This ASI report does seem to have made some waves. Janet Daley:

But even more serious, the Fairtrade operation helps to keep poor countries and undeveloped economies exactly that – poor and undeveloped.

By sustaining agricultural activity that would not otherwise be sustainable in the global marketplace, it keeps backward populations from developing other forms of modern economic activity that might help them climb out of their backwardness. In order to permit wealthy people to indulge in a bit of sentimental largesse, it effectively preserves an anachronism that locks some of the poorest people in the world in backwaters of primitive economic existence.

What developing countries need is to develop, not to have their present conditions of life and work preserved like a museum exhibit. And the greatest aid to real development – and the proven route out of mass poverty – is through free trade, not Fairtrade.

9 thoughts on “More Fairtrade”

  1. While accepting the main point that poor countries need to raise productivity an agriculture and (in most cases) reduce employment in agriculture (hence to the extent fair trade retards structural change, it’s ‘bad’), I think there’s more to it than this. Some of the fair trade schemes I have read about took workers who were earning a shitty wage and gave them a better wage, plus mandated that the employer made investments in education, sanitation etc. all of which has externalities (well, a demand multiplier in local economy plus long term education externalities). That’s a ‘good thing’ that’s happening with fair trade, that wasn’t with free trade yet is (often/sometimes?) absent from your account of it.
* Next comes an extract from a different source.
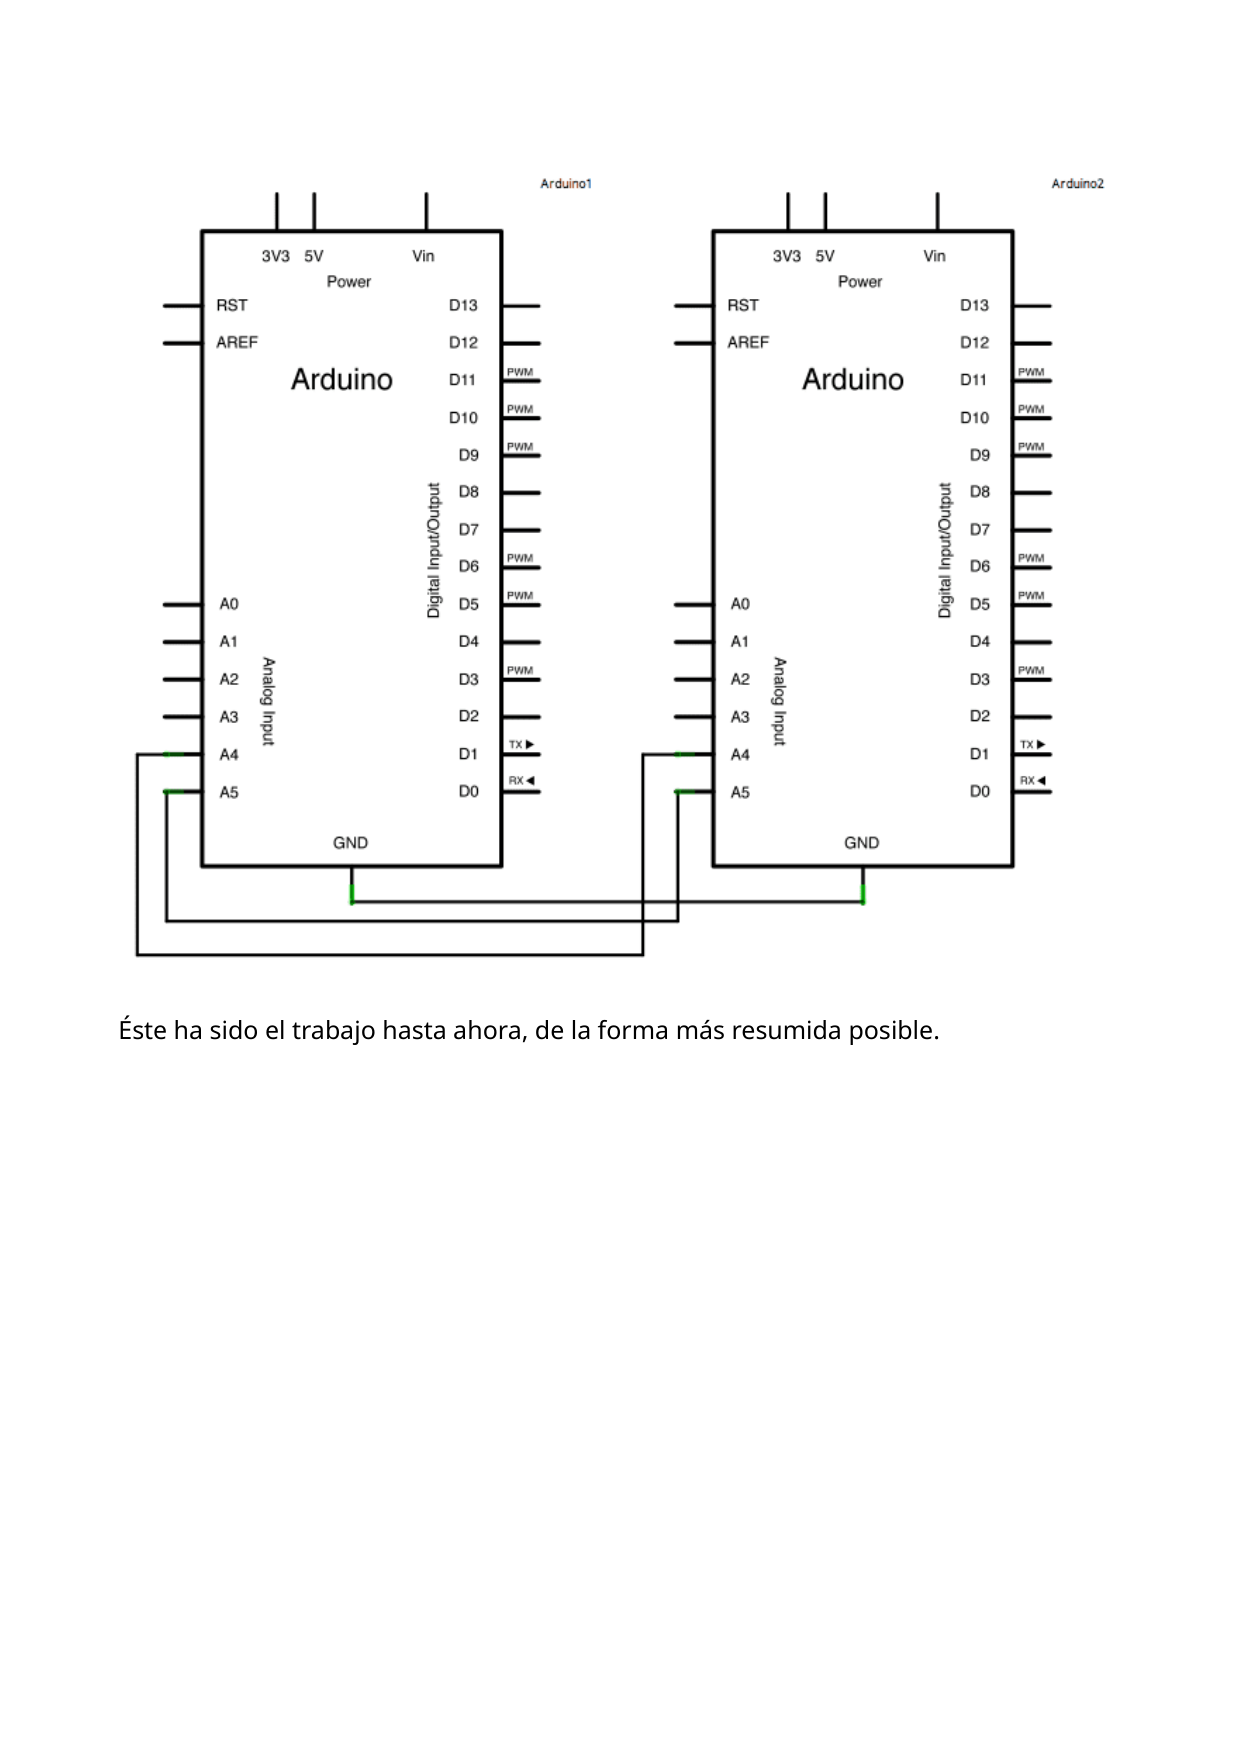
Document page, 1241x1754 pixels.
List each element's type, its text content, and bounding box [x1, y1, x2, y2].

text Éste ha sido el trabajo hasta ahora, de la forma más resumida posible. [118, 1012, 1122, 1046]
picture [118, 118, 1123, 993]

    You can argue that those workers should have moved out of the wine making business (for example) but into what? In many developing countries reallocating labour into more productive sectors is not easy/possible. If fair trade can deliver a sustained increase in price for certain producers doing certain things to qualify, is it so bad that workers stay in those better-paying sectors (would the local economy really be better of in the absence of fair trade and some labour re-allocation)?

    The key question, that I have not seen addressed and would be grateful for an answer from fair-traders, is how the fair trade rules deal with productivity enhancing investment that result in disemployment. It talks about fair trade enabling investment (they say it fosters ‘sustainability’) – and that’s great because poor country agriculture certainly needs to raise capital intensity – but how will they treat fair trade producers who make workers redundant? Because that contradicts their ‘help the worker’ ethos, despite it being needed to raise poor countries out of poverty.
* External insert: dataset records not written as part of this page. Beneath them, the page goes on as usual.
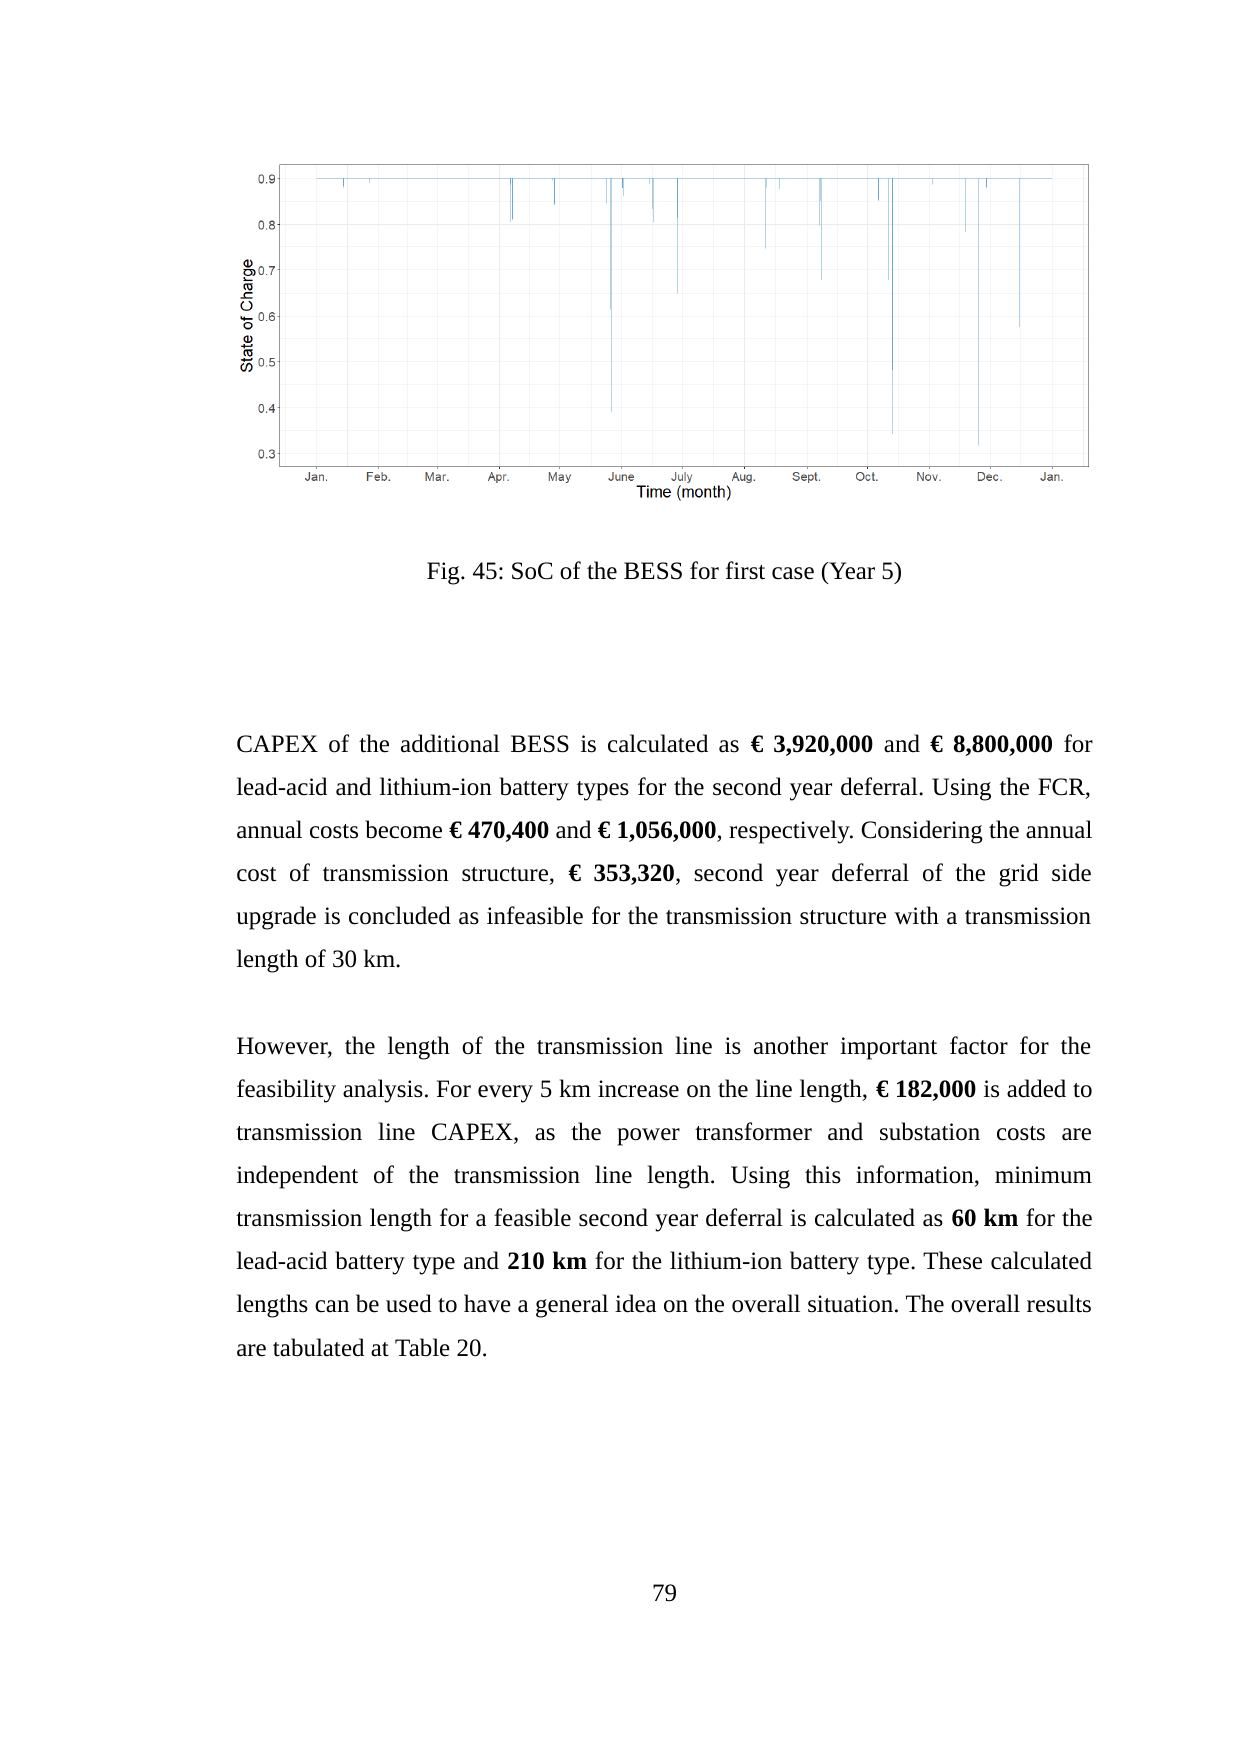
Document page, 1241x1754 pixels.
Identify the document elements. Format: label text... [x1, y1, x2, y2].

picture [236, 160, 1093, 503]
text CAPEX of the additional BESS is calculated as € 3,920,000 and € 8,800,000 for lead-acid and lithium-ion battery types for the second year deferral. Using the FCR, annual costs become € 470,400 and € 1,056,000, respectively. Considering the annual cost of transmission structure, € 353,320, second year deferral of the grid side upgrade is concluded as infeasible for the transmission structure with a transmission length of 30 km. [236, 729, 1093, 973]
text Fig. 45: SoC of the BESS for first case (Year 5) [236, 556, 1093, 585]
text However, the length of the transmission line is another important factor for the feasibility analysis. For every 5 km increase on the line length, € 182,000 is added to transmission line CAPEX, as the power transformer and substation costs are independent of the transmission line length. Using this information, minimum transmission length for a feasible second year deferral is calculated as 60 km for the lead-acid battery type and 210 km for the lithium-ion battery type. These calculated lengths can be used to have a general idea on the overall situation. The overall results are tabulated at Table 20. [236, 1031, 1093, 1361]

  2. In order to permit wealthy people to indulge in a bit of sentimental largesse, it effectively preserves an anachronism that locks some of the poorest people in the world in backwaters of primitive economic existence.

    /sigh/

    One of the biggest ways in which capitalist economies have managed to raise the value generated for consumers and hence the price paid for goods and services is through the invention of branding. Eeen though the product may be very similar to generics, consumers feel the value they obtain from branded goods is worth the extra money.

    The fact that third-world farmers have noticed this, and – in exactly the same way that Red Bull exploits people’s desire to be perceived as ‘extreme’ or that Armani exploits their desire to be perceived as classy – have created a product that adds value to basic agricultural commodities by exploiting people’s desire to be perceived as ‘ethical’ is an absolutely ingenious *triumph* of capitalism.

  3. “The fact that third-world farmers […] have created a product that adds value to basic agricultural commodities by exploiting people’s desire to be perceived as ‘ethical’ is an absolutely ingenious *triumph* of capitalism.”

    And it’s also a triumph of capitalism that when consumers discover the goods are tainted then the brand becomes contaminated. Management of the damage is possible (c.f. shit in Cadbury’s chocolate) and sometimes not (c.f. antifreeze in Austrian wine).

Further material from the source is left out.